What we didn't expect

The biggest surprise was how much the room's original light conditions mattered. Feed the model a photo taken in flat overcast light and it would produce a flat, overcast staging. Feed it the same room in the golden hour and the output was warmer, more alive — even when the prompt said nothing about lighting.

This was a feature, not a bug. It meant we could give agents a simple tip — photograph at 10am, north-facing rooms first — and improve output quality without touching the model at all. The best product decisions sometimes live entirely outside the product.

The second surprise was scale resistance. Our pipeline works beautifully for single rooms. But when an agent uploads an entire apartment — eight rooms, three angles each — the consistency between rooms degrades. The living room might get light oak floors while the bedroom gets walnut. The kitchen palette might clash with the hallway. We are still solving this problem, and it is harder than it sounds.

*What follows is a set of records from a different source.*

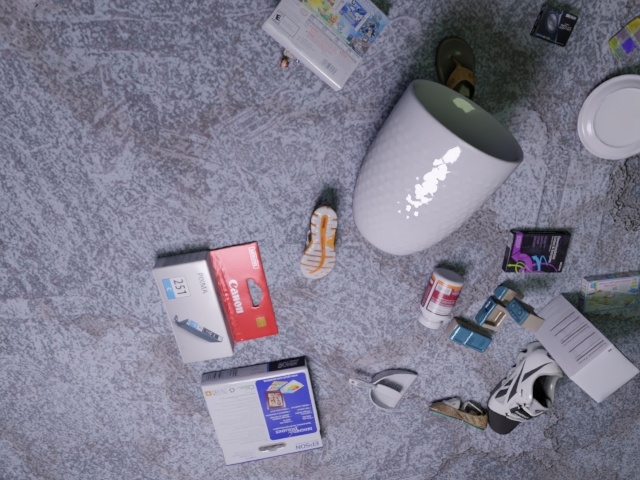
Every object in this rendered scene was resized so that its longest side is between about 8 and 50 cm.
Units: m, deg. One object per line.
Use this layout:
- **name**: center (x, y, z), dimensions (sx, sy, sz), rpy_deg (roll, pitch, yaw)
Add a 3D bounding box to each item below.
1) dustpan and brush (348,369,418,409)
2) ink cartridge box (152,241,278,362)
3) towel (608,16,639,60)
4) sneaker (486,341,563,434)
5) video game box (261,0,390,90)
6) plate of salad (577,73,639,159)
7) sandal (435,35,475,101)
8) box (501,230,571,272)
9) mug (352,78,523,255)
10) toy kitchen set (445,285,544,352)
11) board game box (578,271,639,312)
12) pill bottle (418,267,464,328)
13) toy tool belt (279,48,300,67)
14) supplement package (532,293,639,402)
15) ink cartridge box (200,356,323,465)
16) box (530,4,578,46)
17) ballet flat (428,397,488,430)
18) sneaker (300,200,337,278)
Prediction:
- **dustpan and brush**: center (0.171, 0.426, 1.471), dimensions (0.211, 0.060, 0.147), rpy_deg (25, 110, -15)
- **ink cartridge box**: center (-0.264, 0.166, 1.316), dimensions (0.261, 0.066, 0.296), rpy_deg (-10, 115, 1)
- **towel**: center (0.703, -0.460, 1.150), dimensions (0.083, 0.009, 0.060), rpy_deg (-39, 112, 12)
- **sneaker**: center (0.599, 0.471, 1.485), dimensions (0.122, 0.146, 0.330), rpy_deg (12, 114, -11)
- **video game box**: center (0.013, -0.450, 1.045), dimensions (0.205, 0.048, 0.187), rpy_deg (36, 88, -18)
- **plate of salad**: center (0.717, -0.294, 1.205), dimensions (0.199, 0.048, 0.200), rpy_deg (2, 112, 6)
- **sandal**: center (0.310, -0.345, 1.139), dimensions (0.090, 0.060, 0.219), rpy_deg (-6, 114, -2)
- **box**: center (0.576, 0.031, 1.347), dimensions (0.162, 0.029, 0.116), rpy_deg (-1, 114, -6)
- **mug**: center (0.261, -0.133, 1.135), dimensions (0.374, 0.276, 0.328), rpy_deg (1, 137, -37)
- **toy kitchen set**: center (0.460, 0.231, 1.351), dimensions (0.122, 0.166, 0.207), rpy_deg (24, 110, -15)
- **board game box**: center (0.814, 0.146, 1.420), dimensions (0.154, 0.026, 0.103), rpy_deg (-6, 114, -2)
- **pill bottle**: center (0.318, 0.156, 1.350), dimensions (0.086, 0.086, 0.152), rpy_deg (14, 113, -11)
- **toy tool belt**: center (-0.051, -0.406, 1.087), dimensions (0.051, 0.052, 0.083), rpy_deg (22, 111, -5)
- **supplement package**: center (0.691, 0.282, 1.351), dimensions (0.139, 0.244, 0.134), rpy_deg (39, 105, -19)
- **ink cartridge box**: center (-0.164, 0.501, 1.476), dimensions (0.303, 0.072, 0.307), rpy_deg (-10, 117, -2)
- **box**: center (0.520, -0.477, 1.122), dimensions (0.083, 0.018, 0.067), rpy_deg (15, 112, -11)
- **ballet flat**: center (0.424, 0.519, 1.542), dimensions (0.206, 0.073, 0.067), rpy_deg (23, 83, -17)
- **sneaker**: center (0.000, 0.000, 1.259), dimensions (0.084, 0.083, 0.215), rpy_deg (9, 118, -9)
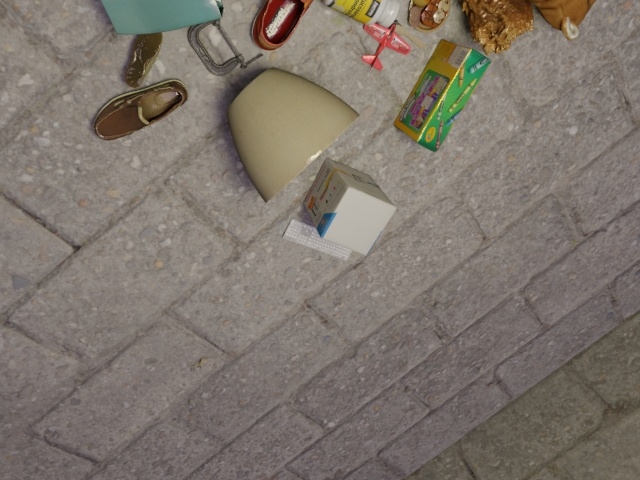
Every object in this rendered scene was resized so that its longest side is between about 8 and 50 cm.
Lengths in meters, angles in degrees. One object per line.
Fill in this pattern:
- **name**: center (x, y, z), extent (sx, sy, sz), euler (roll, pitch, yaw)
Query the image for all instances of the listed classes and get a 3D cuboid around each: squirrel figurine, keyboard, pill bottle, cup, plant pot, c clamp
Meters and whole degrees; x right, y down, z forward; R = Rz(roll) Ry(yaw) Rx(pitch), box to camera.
- **squirrel figurine**: center (0.550, -0.679, 1.258), extent (0.396, 0.281, 0.370), euler (-36, 136, 19)
- **keyboard**: center (0.000, 0.000, 1.593), extent (0.255, 0.014, 0.072), euler (20, 112, -28)
- **pill bottle**: center (0.104, -0.609, 1.208), extent (0.184, 0.103, 0.103), euler (14, 114, -25)
- **cup**: center (-0.100, -0.293, 1.234), extent (0.331, 0.331, 0.237), euler (-43, 99, 9)
- **plant pot**: center (-0.355, -0.551, 1.059), extent (0.234, 0.166, 0.166), euler (-18, 124, 1)
- **c clamp**: center (-0.246, -0.492, 1.214), extent (0.137, 0.022, 0.161), euler (-35, 126, 10)

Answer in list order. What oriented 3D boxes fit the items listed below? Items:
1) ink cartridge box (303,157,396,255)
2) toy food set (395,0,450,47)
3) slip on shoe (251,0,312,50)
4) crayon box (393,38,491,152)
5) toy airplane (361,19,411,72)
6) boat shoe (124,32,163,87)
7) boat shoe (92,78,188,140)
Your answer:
- **ink cartridge box**: center (0.078, -0.105, 1.424), extent (0.168, 0.233, 0.171), euler (20, 112, -25)
- **toy food set**: center (0.296, -0.628, 1.300), extent (0.132, 0.039, 0.192), euler (21, 111, -28)
- **slip on shoe**: center (-0.057, -0.610, 1.157), extent (0.123, 0.101, 0.331), euler (25, 108, -27)
- **crayon box**: center (0.337, -0.413, 1.367), extent (0.081, 0.165, 0.279), euler (18, 113, -27)
- **toy airplane**: center (0.172, -0.533, 1.322), extent (0.151, 0.028, 0.151), euler (-5, 119, -9)
- **boat shoe**: center (-0.428, -0.445, 1.171), extent (0.056, 0.048, 0.153), euler (23, 104, -16)
- **boat shoe**: center (-0.452, -0.324, 1.197), extent (0.257, 0.095, 0.095), euler (-30, 124, 1)
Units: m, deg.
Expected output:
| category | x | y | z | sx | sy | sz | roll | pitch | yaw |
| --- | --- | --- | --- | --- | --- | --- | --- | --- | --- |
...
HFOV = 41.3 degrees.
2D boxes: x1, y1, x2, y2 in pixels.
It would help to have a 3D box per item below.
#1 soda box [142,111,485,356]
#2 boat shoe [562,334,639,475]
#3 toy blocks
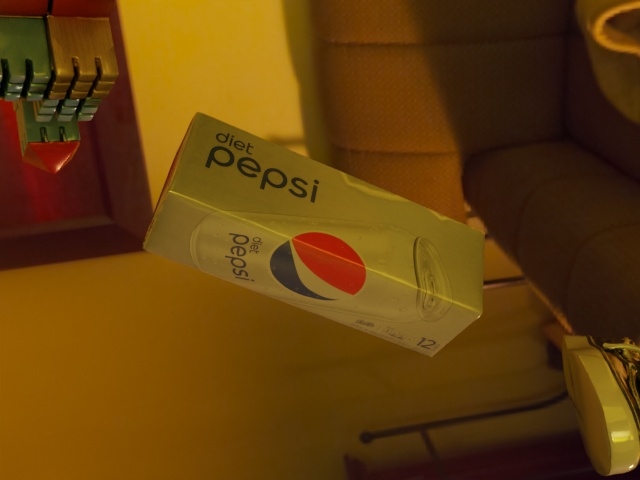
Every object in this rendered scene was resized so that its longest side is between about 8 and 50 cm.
| category | x | y | z | sx | sy | sz | roll | pitch | yaw |
| --- | --- | --- | --- | --- | --- | --- | --- | --- | --- |
| soda box | 0.000 | 0.000 | 0.745 | 0.091 | 0.286 | 0.098 | 127 | 161 | -49 |
| boat shoe | 0.319 | 0.160 | 0.884 | 0.306 | 0.105 | 0.113 | -2 | -95 | -78 |
| toy blocks | -0.241 | -0.217 | 0.698 | 0.381 | 0.191 | 0.260 | -31 | 68 | 59 |
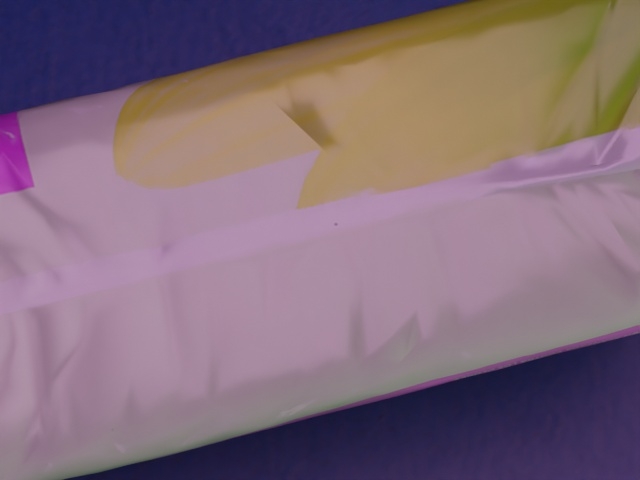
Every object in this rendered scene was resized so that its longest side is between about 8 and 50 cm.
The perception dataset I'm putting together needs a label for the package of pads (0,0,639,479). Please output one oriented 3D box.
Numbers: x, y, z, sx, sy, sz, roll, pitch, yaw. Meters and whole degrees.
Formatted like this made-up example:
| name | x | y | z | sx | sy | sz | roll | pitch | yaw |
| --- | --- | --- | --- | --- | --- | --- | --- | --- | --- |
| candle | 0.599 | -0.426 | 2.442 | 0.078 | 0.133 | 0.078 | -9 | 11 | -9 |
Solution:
| name | x | y | z | sx | sy | sz | roll | pitch | yaw |
| --- | --- | --- | --- | --- | --- | --- | --- | --- | --- |
| package of pads | 0.000 | 0.000 | 0.464 | 0.296 | 0.229 | 0.101 | -13 | 88 | -3 |
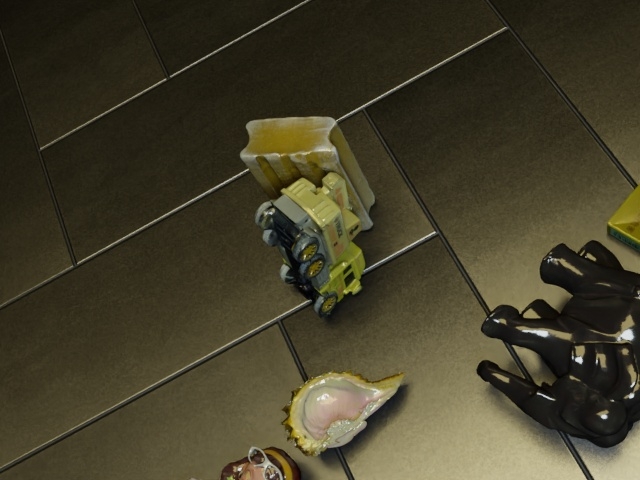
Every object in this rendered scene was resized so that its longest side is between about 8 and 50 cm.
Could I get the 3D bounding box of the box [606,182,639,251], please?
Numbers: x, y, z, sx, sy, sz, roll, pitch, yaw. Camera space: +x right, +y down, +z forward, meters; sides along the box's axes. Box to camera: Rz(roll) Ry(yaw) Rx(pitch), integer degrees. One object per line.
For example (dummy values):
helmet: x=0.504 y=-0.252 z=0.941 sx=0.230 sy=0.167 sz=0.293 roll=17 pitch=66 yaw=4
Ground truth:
box: x=0.630 y=-0.006 z=1.463 sx=0.279 sy=0.041 sz=0.153 roll=36 pitch=78 yaw=29

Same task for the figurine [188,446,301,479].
figurine: x=-0.130 y=0.437 z=1.436 sx=0.240 sy=0.116 sz=0.174 roll=-47 pitch=57 yaw=-2

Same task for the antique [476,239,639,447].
antique: x=0.419 y=0.151 z=1.367 sx=0.322 sy=0.185 sz=0.255 roll=-42 pitch=57 yaw=-10

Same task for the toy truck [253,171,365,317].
toy truck: x=0.000 y=0.000 z=1.536 sx=0.157 sy=0.272 sz=0.124 roll=-40 pitch=58 yaw=-14

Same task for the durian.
durian: x=0.044 y=0.281 z=1.489 sx=0.224 sy=0.078 sz=0.140 roll=-22 pitch=46 yaw=-6

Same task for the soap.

Lessons for building AI products

Building Bomagi taught us several lessons that generalize beyond real estate staging. First, domain knowledge is the moat, not model access. Anyone can call the same API we do. What they cannot easily replicate is our understanding of what Nordic staging actually looks like. This understanding is embedded in our prompts, our classifier, our validation rules, and our feedback loops with agents.

Second, the product is the pipeline, not the model. Models improve every few months. If your product is tightly coupled to a specific model's capabilities, you are building on sand. If your product is a well-designed pipeline that can swap models in and out, you benefit from every improvement in the ecosystem without rebuilding.

Third, talk to users before writing code. Our first three months would have been significantly more productive if we had spent the first two weeks interviewing real estate agents instead of experimenting with model parameters. The constraints they care about — speed, price-point appropriateness, room-to-room consistency — shaped the architecture more than any technical consideration.